Approximately 30 µg of each of the protein extracts was subjected to electrophoresis on precast 10% SDS-polyacrylamide gels (BioRad, Amersham, Buckinghamshire, UK; cat # 456-1033) and electrophoretically transferred to Immobilon-P PVDF membranes (Merck Millipore Ltd, Co. Cork, Ireland; cat # IPVH304F0). The membranes were probed for 1 h at room temperature with 2 μg/ml rabbit polyclonal anti-human claudin-3 (Life Technologies, Carlsbad, CA, USA; cat # 34-1700) or 3 μg/ml mouse monoclonal anti-human claudin-4 (Life Technologies, cat # 32-9400) primary antibodies in 5% milk/PBS solution. The membranes were washed in PBS for 10 min, PBS/0.1% TWEEN for 5 min (twice) then PBS for 10 min. The membranes were then incubated with 1:3000 HRP-conjugated goat anti-rabbit (BioRad; cat # 403005) or goat anti-mouse (BioRad; cat # 5178-2504) secondary antibodies for 1 h at room temperature then washed as described above. Membranes were incubated with the enhanced chemiluminescence ECL™-plus kit (VWR, Radnor, PA, USA; cat # 89168-782) according to the manufacturer's instructions, then the signals were visualized using the Invitrogen™ iBright™ FL1500 (Thermo Fisher Scientific, Waltham, MA, USA). As a loading control, membranes were re-probed with 4.0µg/ml mouse monoclonal anti-human GAPDH (Ambion, Life Technologies; cat # AM4300).
Prior to reverse transcription, RNA samples were treated with DNase I (Invitrogen, Waltham, MA, USA; cat # 18068-015). RNA was then reversed transcribed into cDNA using the Q-OMNISCRIPT® RT-PCR kit according to the manufacturer's instructions (Qiagen, Germantown, MD, USA; cat # 205113). Briefly, a 20 μl reaction contained 2 μg of RNA, 1X Buffer RT, 5 mM dNTPs, 10 U/ml of RNase inhibitor, and 1 U/ml of reverse transcriptase. The SYBR Green I assay and Applied Biosystems StepOnePlusTM were used to detect RT-PCR products (Applied Biosystems, Foster City, CA, USA). Each 20 μl RT- PCR reaction contained 0.1 μg of cDNA; 400 nM each of the following primer sequences taken from Pan et al. (2007 : CLDN-3 (forward, 5'-ctgctctgctgctcgtgtcc-3'; reverse, 5'-ttagacgtagtccttgcggtcgtag-3'); CLDN-4 (forward, 5'-gtgccttgctcaccgaaac-3'; reverse, 5'-ccaccactgcccaaacct-3'); and glyceraldehyde phosphate dehydrogenase (GAPDH) (forward, 5' -gaagatggtgatgggatttc-3'; reverse, 5' -gaaggtgaaggtcggagt-3'), 10 μl PCR master mix and 0.16 μl RT SYBR Green mix. The cycling conditions used were previously described by Pan et al. (2007) . Briefly, denaturation for 10 min at 95oC followed by 40 cycles of amplification and quantification (10 sec at 95oC; 5 sec at 57oC; 10 sec at 72oC with a single fluorescence measurement). The melting curve was measured at 65-95oC with a heating rate of 0.1oC per sec and a continuous fluorescence measurement. Each reaction was performed in triplicate. The relative expression was calculated using the 2 -△△Ct method (quantity of target, normalized to GAPDH endogenous control and relative to a reference sample, THESCs). Statistical significance was evaluated for each target gene separately using one-way ANOVA and post-hoc Tukey HSD test compared to THESCs (n = 4); *p<0.05; ** p<0.01 was considered to indicate a statistically significant result.
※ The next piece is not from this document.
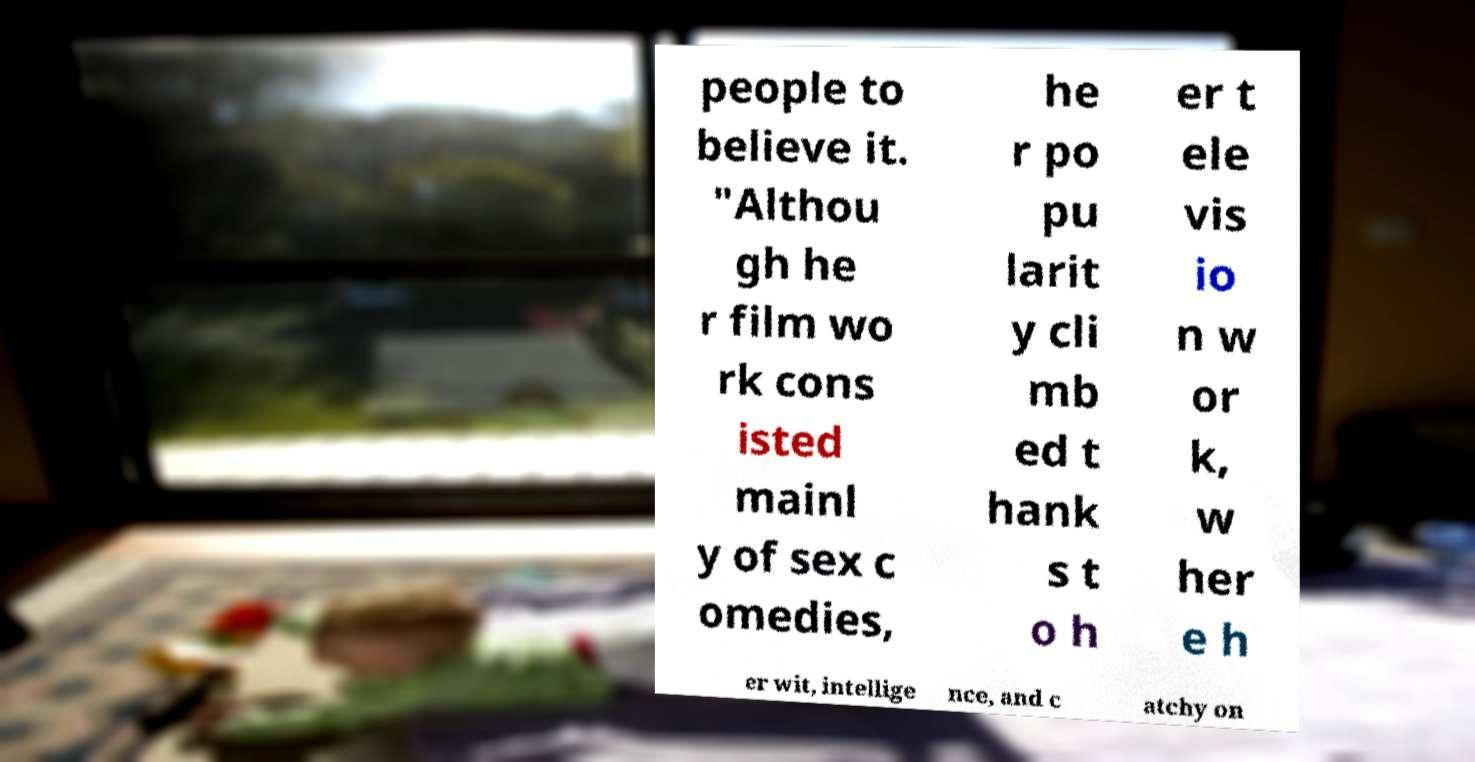Can you read and provide the text displayed in the image?This photo seems to have some interesting text. Can you extract and type it out for me? people to believe it. "Althou gh he r film wo rk cons isted mainl y of sex c omedies, he r po pu larit y cli mb ed t hank s t o h er t ele vis io n w or k, w her e h er wit, intellige nce, and c atchy on 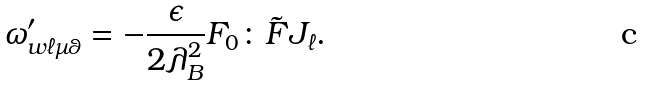Convert formula to latex. <formula><loc_0><loc_0><loc_500><loc_500>\omega ^ { \prime } _ { w \ell \mu \theta } = - \frac { \epsilon } { 2 \lambda _ { B } ^ { 2 } } F _ { 0 } \colon \tilde { F } J _ { \ell } .</formula>

Using a SYBR green-based quantitative real-time PCR Human Tight Junctions RT2 Profiler PCR Array (Qiagen; cat # PAH5.1432C-2) and the Applied Biosystems StepOnePlusTM (Applied Biosystems), the expression of 84 tight junction genes was determined. In addition to the tight junction genes, the 96-well RT2 profiler microplate contained primers for 5 housekeeping genes, one DNA contamination control, three reverse transcription controls and three positive PCR controls. Briefly, the RNA from endometrial cancer cell lines and the normal endometrial cell line (THESCs) was isolated using the RNeasy Mini Kit (Qiagen; cat # 74104) according to the manufacturer's instructions. RNA samples were reverse transcribed into cDNA using the RT2 first strand kit (Qiagen, cat # 330401). cDNA was mixed with the RT2 SYBR Green mastermix (Qiagen, cat # 330500) and 25 μl of the PCR mix was aliquoted into each well of the RT2 profiler PCR array microplate. The PCR program consisted of an initial denaturation period (10 min at 95oC) followed by 40 cycles of amplification and quantification (15 sec at 95oC; 1 min 60oC). The relative expression was based on the expression ratio of each of the TJ genes and was determined using the 2 -△△Ct method as described above (RT2 Profiler Array Data Analysis WebPortal).
Overexpression of CLDN-3 in a panel of endometrial cancer cell lines. (A) Real-time quantitative PCR analysis of CLDN-3 gene expression. RNA isolated from a panel of 9 endometrial cancer cell lines and one normal endometrial cell line (THESCs) was amplified using primers designed to the CLDN-3 and GAPDH (control) genes. Values are mean + SD (n=4). Statistical significance was evaluated for each target gene separately using one-way ANOVA and post-hoc Tukey HSD test compared to THESCs; *p<0.05; ** p<0.01. (B) Immunoblot analysis of CLDN-3 protein expression. The same panel of normal and tumor endometrial cell lines was subjected to immunoblot analysis using antibodies to CLDN-3 and GAPDH (loading control).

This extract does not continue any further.